In this article, we have proposed a deep convolutional neural network (CNN)-based highly efficient and accurate solution to detect corner castings for automated unmanned cranes, where each crane is mounted with four cameras. The video stream is combined into a single image which leads to robust and efficient corner casting detection. In order to evaluate the effectiveness of the proposed system, we collected data in four challenging conditions: dawn, night, rainy, and sunset. We used more than a million images for training collected under different conditions and testing is done on more than 3 million images, and currently this system has developed and worked 24/7 perfectly with each crane streaming four live cameras. The proposed system produces more than 98% accuracy in real-time scenarios. This article has the following contributions:
A deep learning–based fully automated corner casting detection system is proposed to efficiently handle loading and unloading at ports;
The proposed method efficiently handles different challenging weather and lighting conditions to detect corner castings accurately;
The proposed system converts streams from four cameras into one image and then reduces the computational cost to make it suitable for real-time scenarios.
The rest of the article is organized as follows: section “The proposed model” presents the methodology, section “Experiments and results” explains the experimental setup and results followed by the conclusion and future work.
The proposed model
In this work, we have used a CNN to detect corner castings. CNNs comprise multiple layers of pooling, convolutions, dense, dropout, and so on. These layers are the main components of a convolutional network which are stacked over one in a hierarchical way. This data structure forms the feature maps. These feature maps are taken as an input by each layer from the preceding one except the first convolutional layer which is connected directly, while the convolutional layer creates a number of feature maps as the output. CNN is able to learn a complex set of features by generating a system of feature maps making them useful and robust in pattern recognition in images.
Connection weights along with kernels are learned using back-propagation. In the back-propagation model, input images are passed through the network and the predictions made are compared with the output labels. Updating these weights starts from the last layer moving toward the first layer and the input. CNN generates a translation-invariant feature map so the same feature is detected for the whole data by a single kernel in a convolution layer. CNN generates translation-invariant feature maps and thus the same feature is detected for the whole data are calculated using the single kernel from the convolution layer. The neural network learns features directly from images rather than using feature vector as used by traditional classifiers. Neural network kernels can be designed for different sizes like 3 × 3, 5 × 5, 7 × 7, and so on. The underlying information is considered in order to vary the size of the kernel. The kernels in the convolution layer noticeably share quite a resemblance with the edge detectors learning various features according to properties of training data.
Deep convolutional architectures for the formation of image representations are extremely beneficial for various tasks. Deep representations can jointly encode the occurrence of multiple objects. However, in order to recognize this prospect, components must be augmented for various instance prediction.
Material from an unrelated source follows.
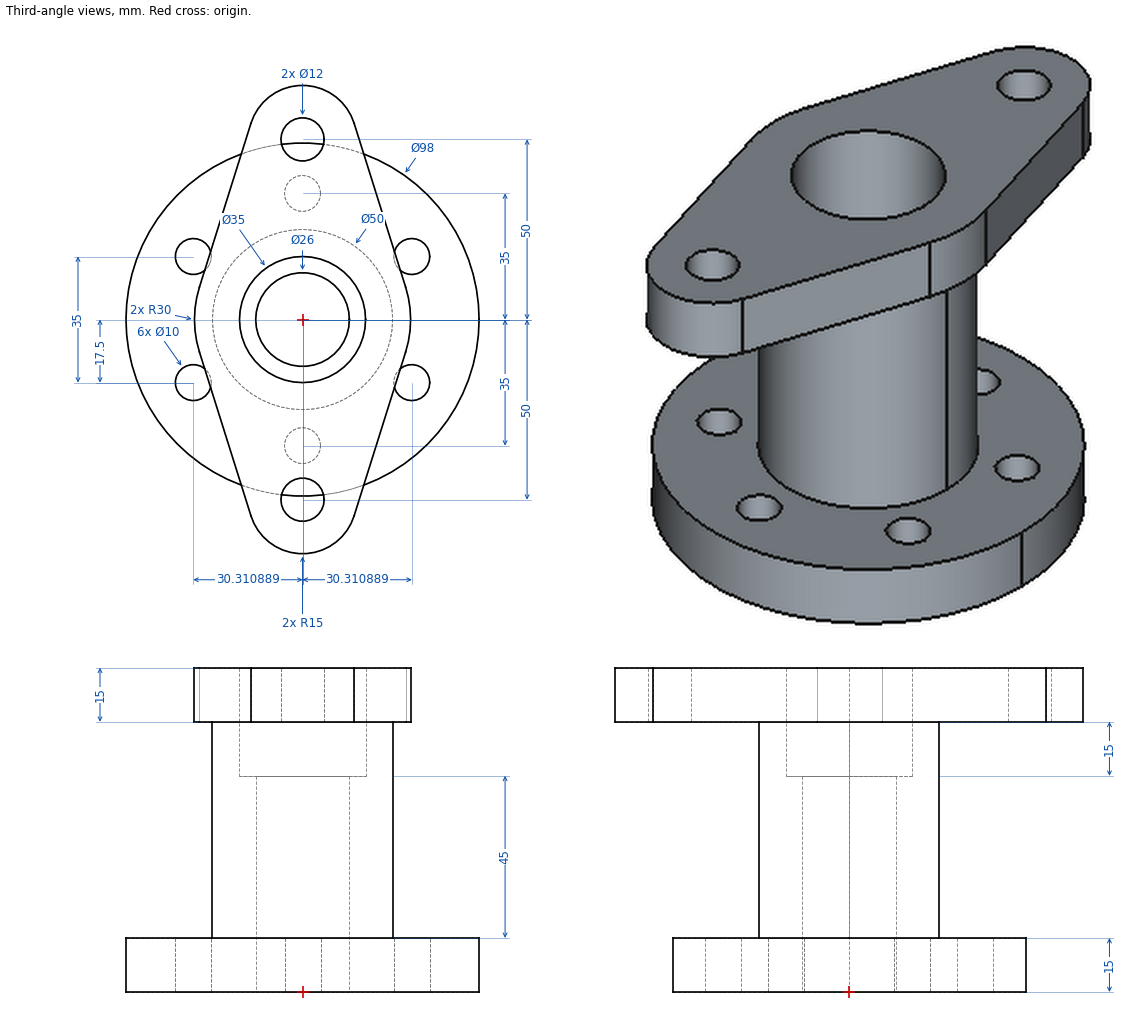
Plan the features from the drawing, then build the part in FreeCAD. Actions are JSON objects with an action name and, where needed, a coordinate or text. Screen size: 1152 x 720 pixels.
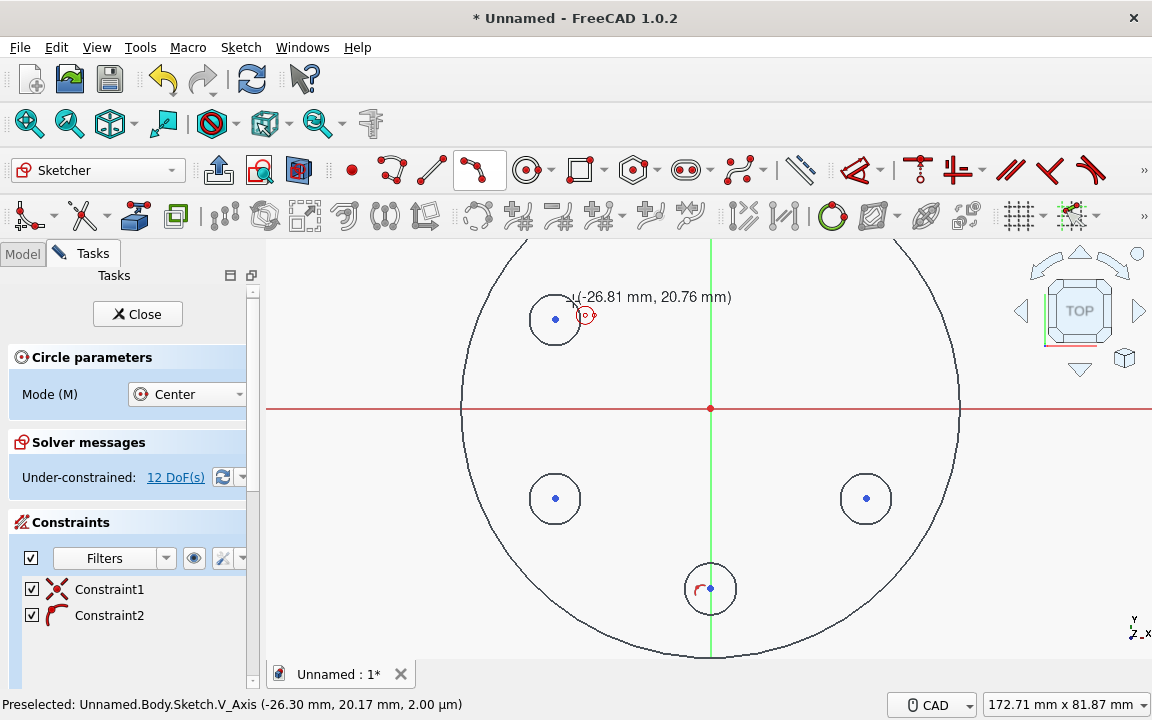
{"action": "left_click", "coordinate": [711, 409]}
{"action": "left_click", "coordinate": [758, 361]}

In this research article, these components are designed using recurrent neural networks (RNNs) and long short-term memory (LSTM) units.17,18 The following properties make the combination of RNN-based decoders with deep CNNs more captivating: (1) the ability to use the powerful deep convolution representation and (2) to generate the coherent sets of variable length predictions. The generation of coherent sets is highly beneficial in our case due to its ability to preserve already-produced predictions.
A convolutional architecture converts an image into high-level descriptors which are then decoded into bounded boxes. We design recurring LSTM units and consider it as the core machinery that predicts variable length output. All images are converted to a 1024-dimensional feature vector in stridden regions of the whole image. Contents of the region are summarized by the 1024-dimensional vector which also holds rich information about object positioning. The LSTM serves as a controller and extracts information from the source images to pass the information during the decoding steps. The LSTM generates a new bounding box after each decoding step along with the confidence of the previously missed corner castings at that location.
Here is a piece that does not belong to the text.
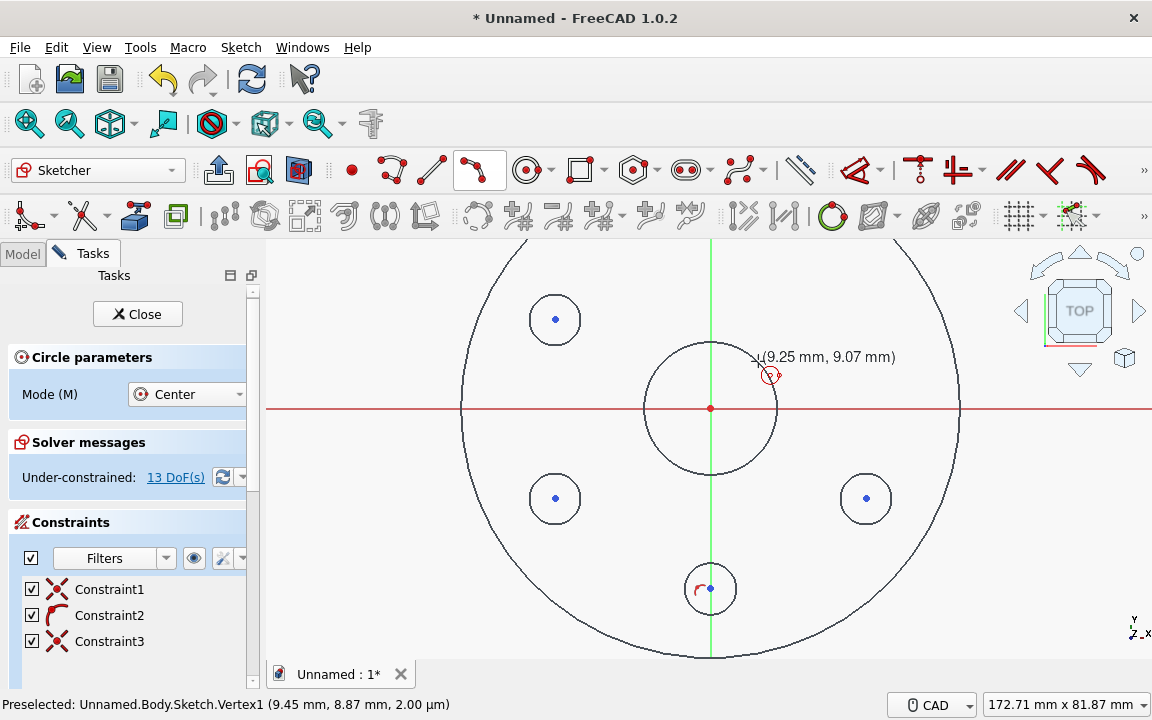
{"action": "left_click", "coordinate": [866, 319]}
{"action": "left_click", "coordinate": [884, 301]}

This procedure takes place in iterations and boxes are more likely to be produced in the descending confidence order. A stop signal is generated when LSTM cannot find a new box, the confidence level of which is higher than the defined threshold. Collection of a sequence of outputs is taken place and then given out as ultimate description of collective instances belonging to the specific area. The proposed methodology is shown in Figure 1. This figure explains how images are input to the CNN and then training and testing are carried out. The flow diagram of the proposed system is shown in Figure 2. For real-time testing, Live555 is used which is a set of open source C++ libraries developed by Live Networks, Inc. for multimedia streaming.

The designed architecture of the corner cost detection system.
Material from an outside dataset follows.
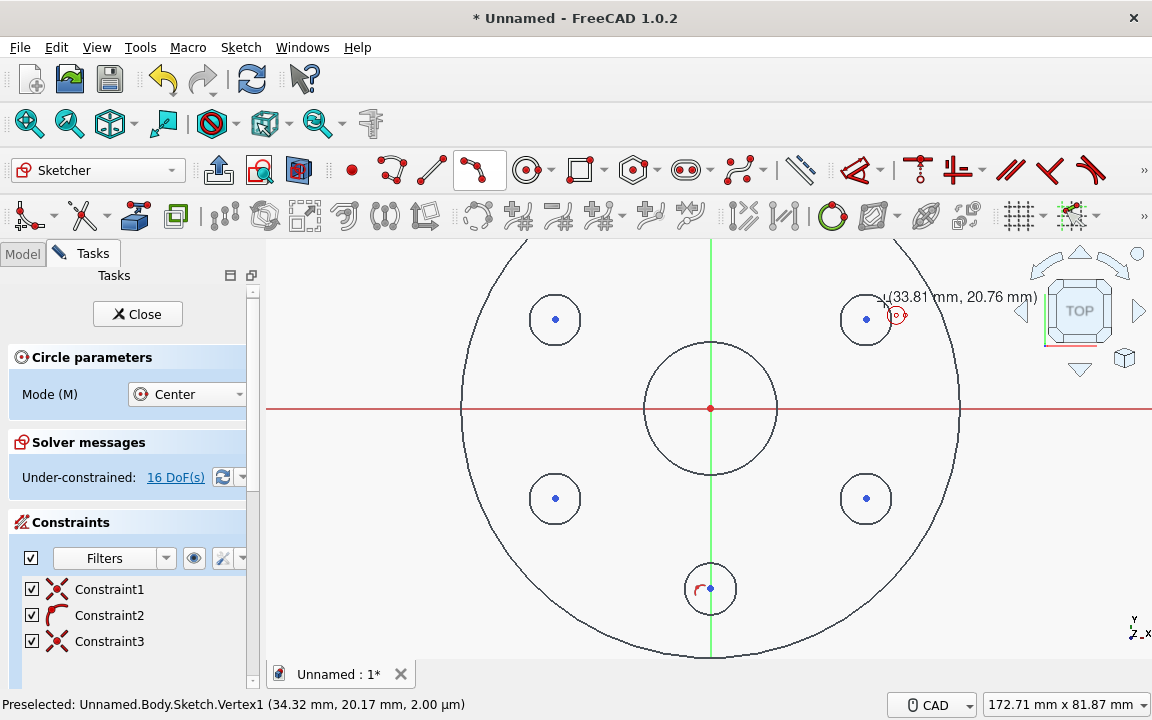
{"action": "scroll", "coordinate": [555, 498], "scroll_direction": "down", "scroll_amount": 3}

The flow of activities for an end to end corner cost detection system.
Implementation details
We designed our model in a way that it can perform encoding of the image into a 15 × 20 grid of 1024-dimensional top-level GoogLeNet features. There is a receptive field of size 139 × 139 for every grid cell. Each cell is trained for generating a set of distinct bounding boxes in the center 64 × 64 region. The 64 × 64 size was kept considerably substantial so that stiff local occlusion interactions could be captured easily. The larger regions can also be used but provide less information here. In parallel, 300 distinct LSTM controllers perform, one for each 1 × 1 × 1024 cell of the grid. Our LSTM units consist of 250 memory states with no output nonlinearities and no bias terms. Concatenation of GoogLeNet features with the output of the foregoing LSTM unit is done at every step. The result is stored in the next upcoming LSTM unit. We claim similar results by feeding the image into the first LSTM unit which shows that numerous presentations of the image might be unnecessary. A systemized batch of decoding operation can be obtained by generating each region of full 480 × 640 images in parallel. A detailed structure is shown in Figure 3. In the learning period, our model must be capable enough of learning how to regress on bounding box locations through the LSTM decoder. While training takes place, the decoder outputs an over-complete set of bounding boxes. Each of these boxes is presented with its corresponding confidence. The cardinality is set to a fixed value to maintain the batching efficiency and ease of use for any number of ground truth boxes. In this way, LSTM is trained in such a way to generate high confidence values and correct localization for all boxes corresponding to ground truth while keeping low scores elsewhere. The system learns from experience and produces high confidence.

Structure of the deep learning module of the corner cost detection system.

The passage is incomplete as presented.